[Exercise data Boundary: Start]
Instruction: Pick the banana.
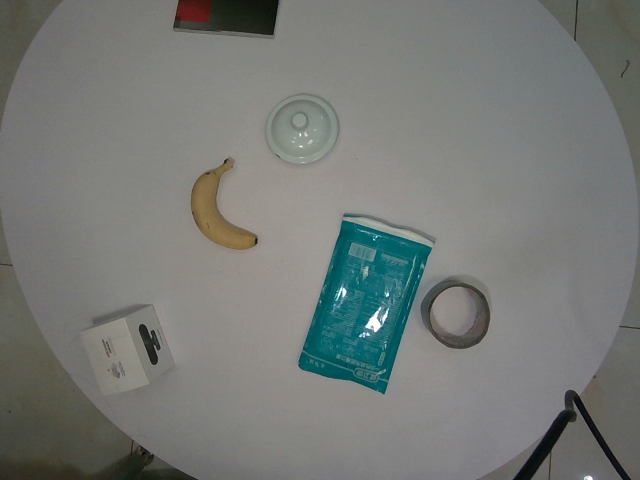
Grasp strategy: vertical
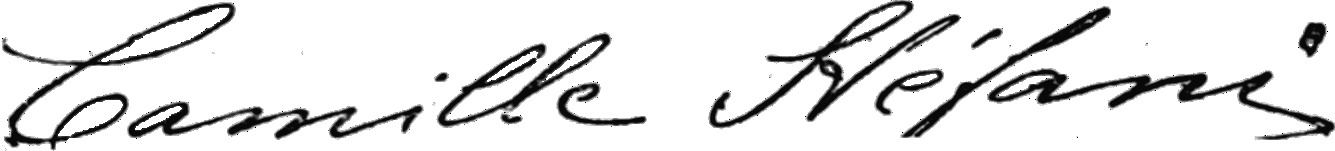
Signature of: camille stéfani
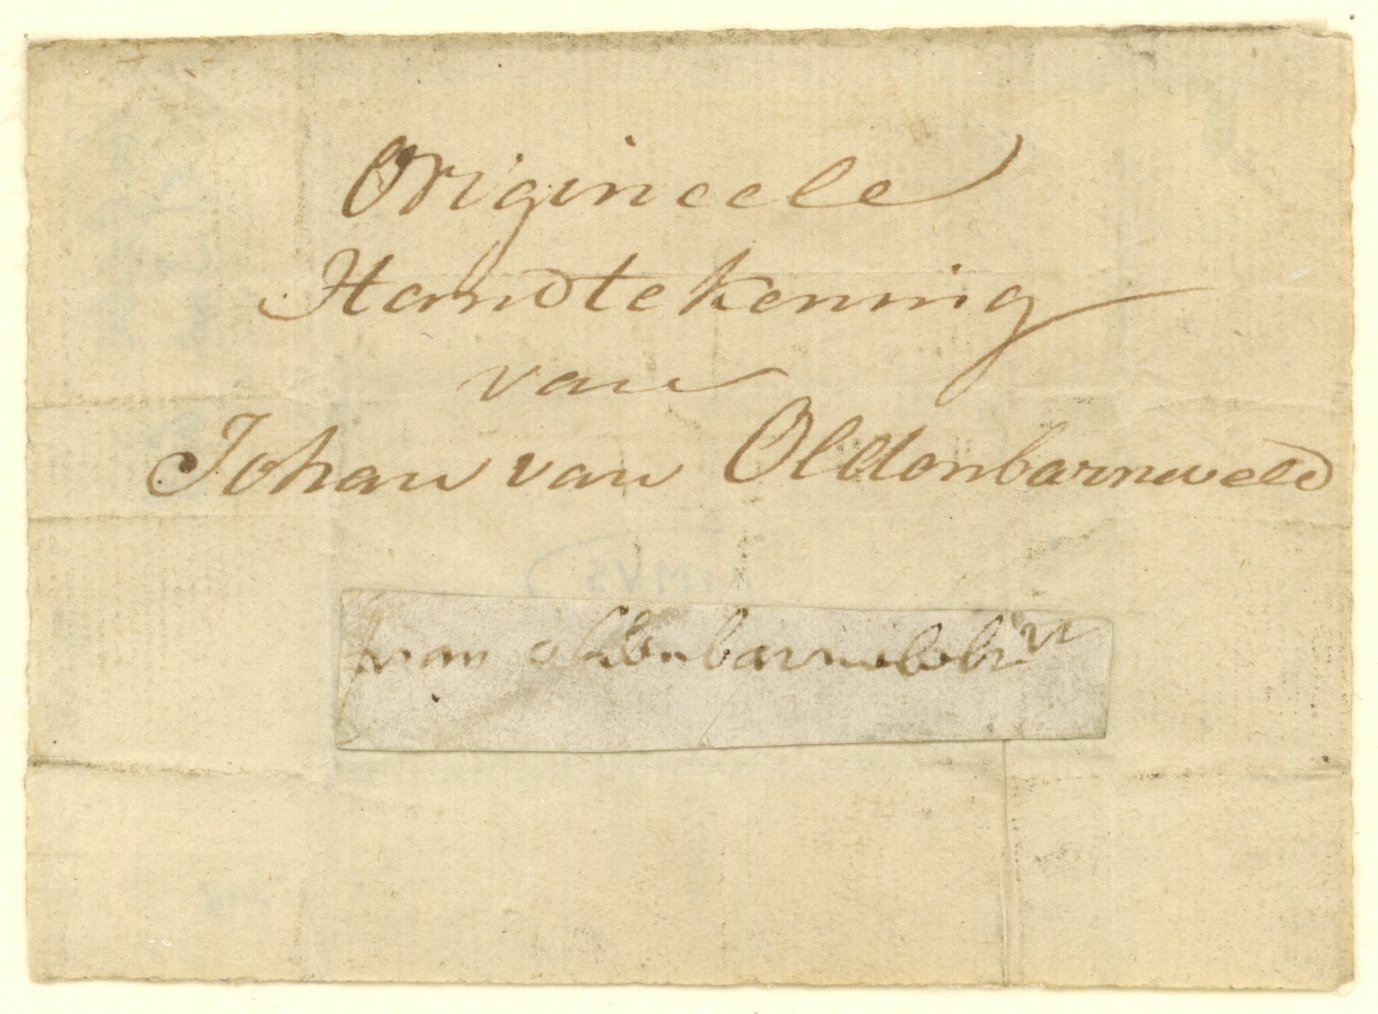
Signature of: johan van oldenbarnevelt
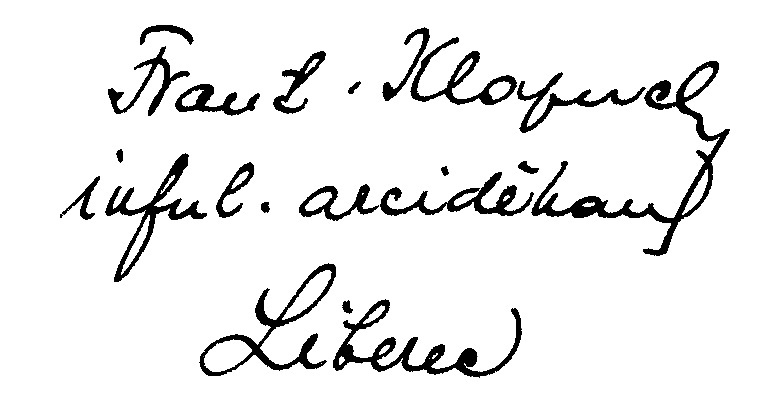
Signature of: františek klapuch
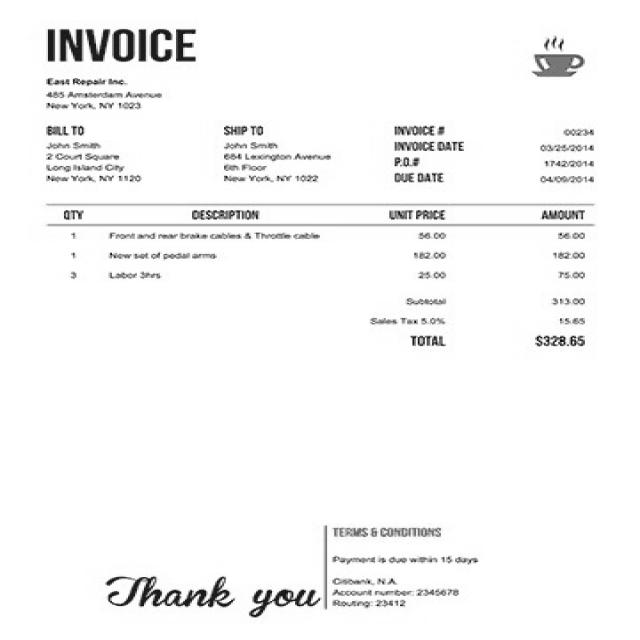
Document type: Invoice
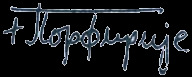
Signature of: porfirije perić
[Exercise data Boundary: End]
### [Task objective]
Could you repeat each line above exactly as written? Omit the pictures.

### [Solved problem]
Instruction: Pick the banana.
Grasp strategy: vertical
Signature of: camille stéfani
Signature of: johan van oldenbarnevelt
Signature of: františek klapuch
Document type: Invoice
Signature of: porfirije perić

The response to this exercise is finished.